The National Coalition on Housing and Homelessness and other advocates are calling on the federal government to restore its national housing policy, and asking all levels of government to dedicate 1 percent of their budgets to low-income housing. That would end homelessness in the next few years, advocates say.

The message appears to be having an impact. For the first time in eight years, federal and provincial leaders have agreed to allocate C$1.4 billion toward affordable housing. They hope it will build some 25,000 affordable units across the country in the next five years.

"After years of nothing, it's certainly a welcome start," says Michael Shapcott, spokesman for the Cooperative Housing Federation of Canada. Even though that amount would just cover the need in Toronto, Mr. Shapcott says, it is a sign that the social pendulum may be swinging back.

For now, residents of Tent City get through their winter days one meal at a time, and often with the kindness of strangers.

Thanks to donations and volunteer labor from a local construction manager, Doug and Jackie Seymour have a new plywood home. Big enough for a mattress, a card table, and a donated wood-burning stove, it is mostly water tight. But compared to the tent they were living in until last month, it is a small palace.

Sitting in their cramped room, with clothes cascading off a dresser and a Rottweiler snoozing on the mattress, Jackie says her monthly welfare check has shrunk from $639 to $139. She and Doug moved here eight months ago after the rooming house they lived in was sold.

Randy Dundas, who says he can't work because of a construction injury, has been here for 18 months. "Most of us down here, we've known each other for years and years," he says.

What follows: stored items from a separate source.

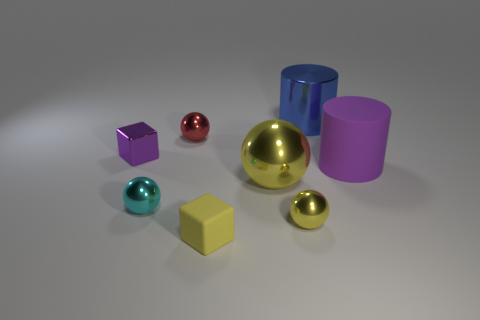How many yellow rubber cubes are behind the yellow object that is behind the tiny metallic thing on the right side of the tiny yellow rubber object?
Your answer should be compact. 0. There is a matte thing in front of the purple rubber thing; what is its color?
Provide a short and direct response. Yellow. Does the cylinder in front of the small red shiny sphere have the same color as the rubber block?
Keep it short and to the point. No. What size is the other thing that is the same shape as the yellow matte thing?
Keep it short and to the point. Small. Is there anything else that is the same size as the red metal thing?
Your answer should be compact. Yes. What is the block that is behind the matte object to the left of the rubber object right of the large blue cylinder made of?
Offer a terse response. Metal. Are there more purple objects that are behind the big shiny cylinder than blue metallic cylinders that are in front of the tiny purple metal thing?
Your answer should be very brief. No. Does the purple metallic thing have the same size as the purple rubber cylinder?
Give a very brief answer. No. The other tiny thing that is the same shape as the yellow matte thing is what color?
Offer a very short reply. Purple. What number of tiny metallic objects have the same color as the small rubber block?
Your answer should be compact. 1.

For Mr. Dundas, who hasn't seen his daughters (16, 18, and 31) in four years, life here offers "peace," he says. The hostels are dirty, smelly, and often unsafe, he adds. Usually, he gets free lunches and showers at the Salvation Army. "You don't have to be dirty to be homeless."

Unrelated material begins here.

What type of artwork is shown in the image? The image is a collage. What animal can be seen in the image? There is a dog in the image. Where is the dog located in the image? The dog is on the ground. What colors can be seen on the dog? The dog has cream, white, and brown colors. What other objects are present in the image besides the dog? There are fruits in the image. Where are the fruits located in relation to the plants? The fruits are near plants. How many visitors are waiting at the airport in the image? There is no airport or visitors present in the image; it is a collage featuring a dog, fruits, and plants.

Charity groups sometimes drive their soup truck through and give out meals. Recently, someone built a number of wood-burning stoves and gave them to residents.

There is hope that a more permanent solution is in store for Tent City. In November, the city council approved a plan to move the residents off this land, owned by Home Depot, and onto a nearby parcel of city land, where it would place 29 prefabricated units with better heating and electricity. But the port authority is concerned about safety, so the plan is at a standstill.